Exceptions and Design Choices

  1. octet mode only - only binary (octet) transfers are supported. netascii is not implemented and mail is rejected. The implementation is intentionally strict and correct for the modern binary-transfer case.
  2. Duplicate options are rejected - request and OACK packets must not contain the same option twice. Instead of silently choosing one value, duplicates are rejected during negotiation. This matches the RFC 2347 rule that an option may only be specified once.
  3. Option names are case-insensitive - known options and custom user extensions are matched case-insensitively as required by the RFCs.
  4. rollover is interoperability-only - the protocol layer recognizes and negotiates the de facto rollover extension, but it is not exposed as a top-level client/server option.

Testing

Useful commands:

bun run lint
bun test
bunx tsc --noEmit
bun run build
npm pack --dry-run

bun test runs the full suite. The repository validates behavior at several levels:

  • Protocol unit tests for packet parsing/serialization, option normalization, error descriptors, opcode tables, and filename validation.
  • Transfer and API integration tests for the stream-first client/server facade, default filesystem-backed serving, manual request handling, abort behavior, progress events, and exact block-size edge cases.
  • Raw RFC compliance tests that drive the protocol over UDP sockets directly. These cover retransmission, timeout negotiation, strict OACK validation, wrong-TID handling, duplicate option rejection, and transfer-mode rejection.
  • tftp-hpa interoperability tests that run this package against the upstream tftp-hpa client and server in both directions, including blocksize and timeout negotiation.

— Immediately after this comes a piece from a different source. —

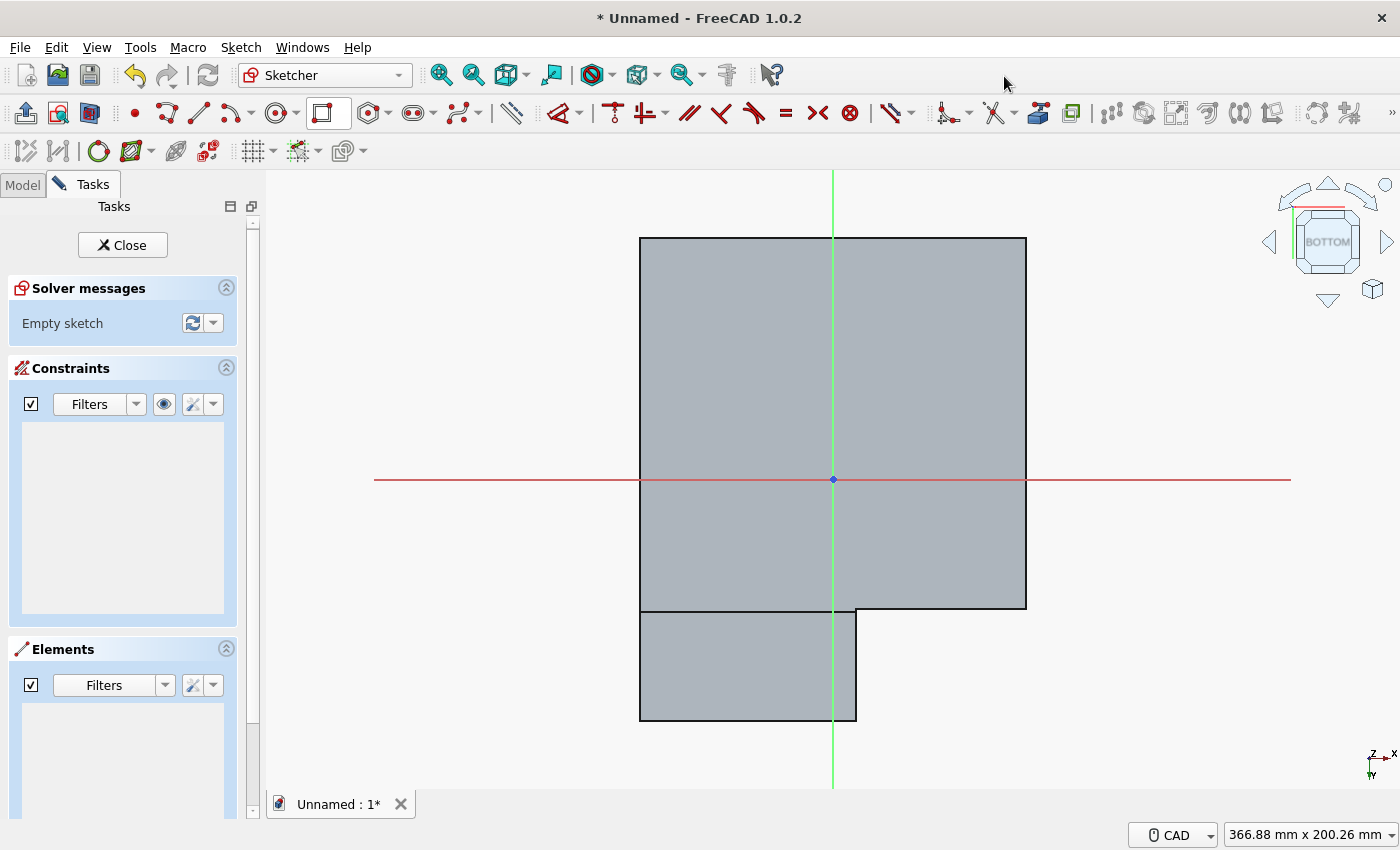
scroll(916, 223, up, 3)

The tftp-hpa interop suite downloads the latest tagged upstream snapshot from the official tree on demand, caches it under .tftp-hpa-cache/, and builds the local reference binaries into .tftp-hpa-bin/.

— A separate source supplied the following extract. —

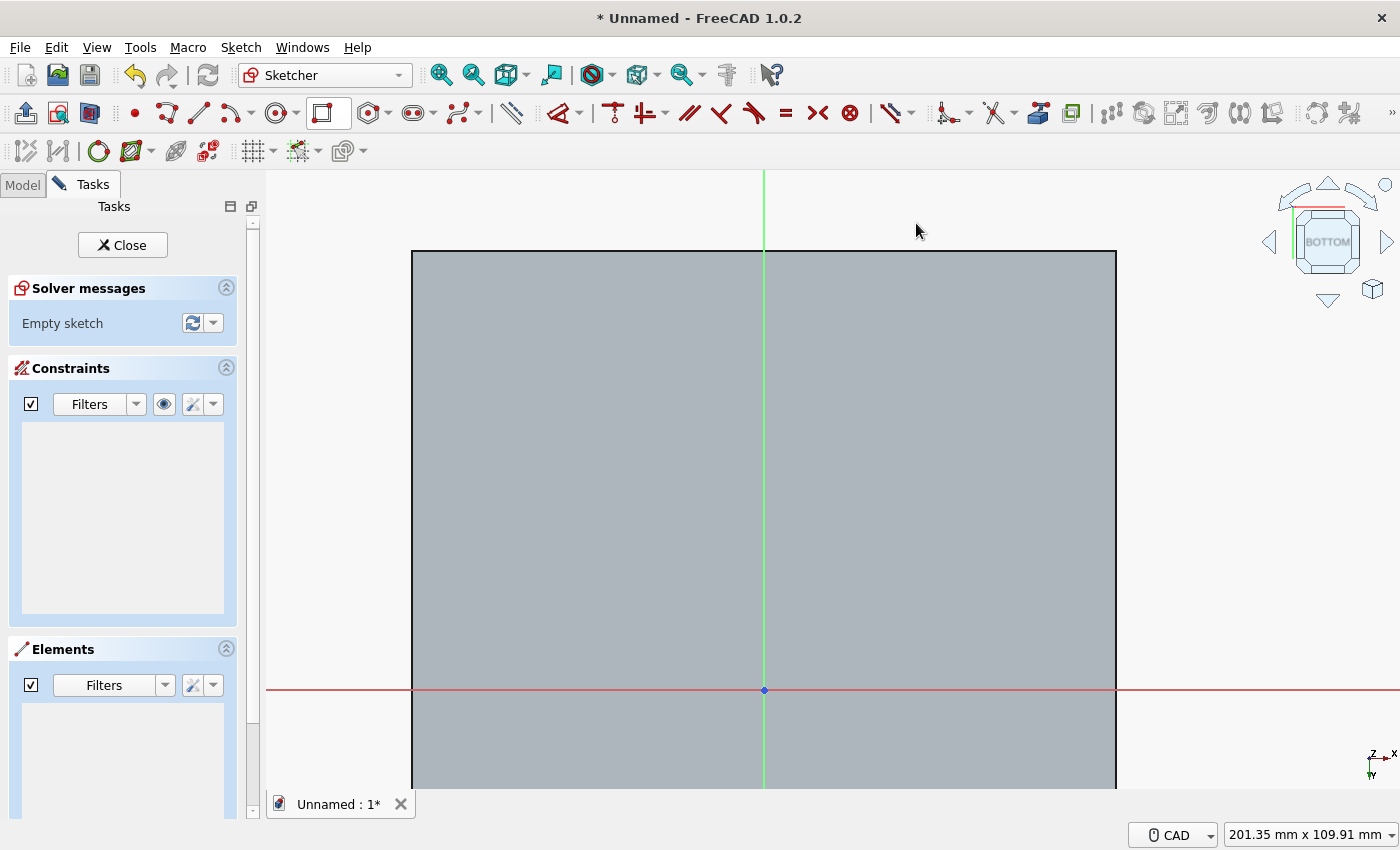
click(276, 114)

The build uses upstream autotools (autoconf, autoheader, make) instead of shipping generated config files in this repository. For local and CI test runs, the harness also applies a tiny source patch to tftpd so it skips Unix privilege-dropping calls when running unprivileged on high test ports. That keeps the reference behavior intact for protocol testing without requiring root or privileged containers.

Local release readiness is expected to include the full validation path shown above: linting, the full test suite, typechecking, a production build, and npm pack --dry-run to confirm the published tarball contents.

GitHub Actions runs the same validation on pushes and pull requests, and the release workflow reruns it on version tags before publishing to npm.

Examples

The example programs under examples/ are written in TypeScript and demonstrate the maintained stream-first API:

  • client/streams.ts - streaming asyncGet and asyncPut
  • client/copy-remote-file.ts - pipe a remote GET into a remote PUT
  • server/graceful-shutdown.ts - track and abort in-flight requests on shutdown
  • server/proxy-http.ts - serve GET responses from HTTP
  • server/no-pipe.ts - restrict files and set response user extensions
  • server/reuse-default-listener.ts - default handler with path guard
  • server/default-listener-deny-put.ts - built-in PUT rejection
  • user-extensions.ts - custom user extension round-trip
  • user-extensions-resume.ts - resume-style GET via custom offset extension
  • user-extensions-authentication.ts - fake auth via user extensions

Release

Use bun run release to drive releases with bumpp.

The release flow is:

  1. The very first publish must be done manually on npm to create the @enk0ded/tftp package entry.
  2. After that bootstrap publish, configure npm trusted publishing for this repository and the release.yml workflow.
  3. bumpp updates the version, creates the git tag, and pushes it.
  4. GitHub Actions validates the tag build.
  5. The release workflow publishes to npm with trusted publishing and provenance, then creates a GitHub Release with autogenerated notes.

Notes

  • TFTP runs over UDP and is best suited to controlled environments such as boot services, provisioning, and embedded workflows.
  • The published package currently documents and supports the stream-oriented JavaScript API exposed from the package root.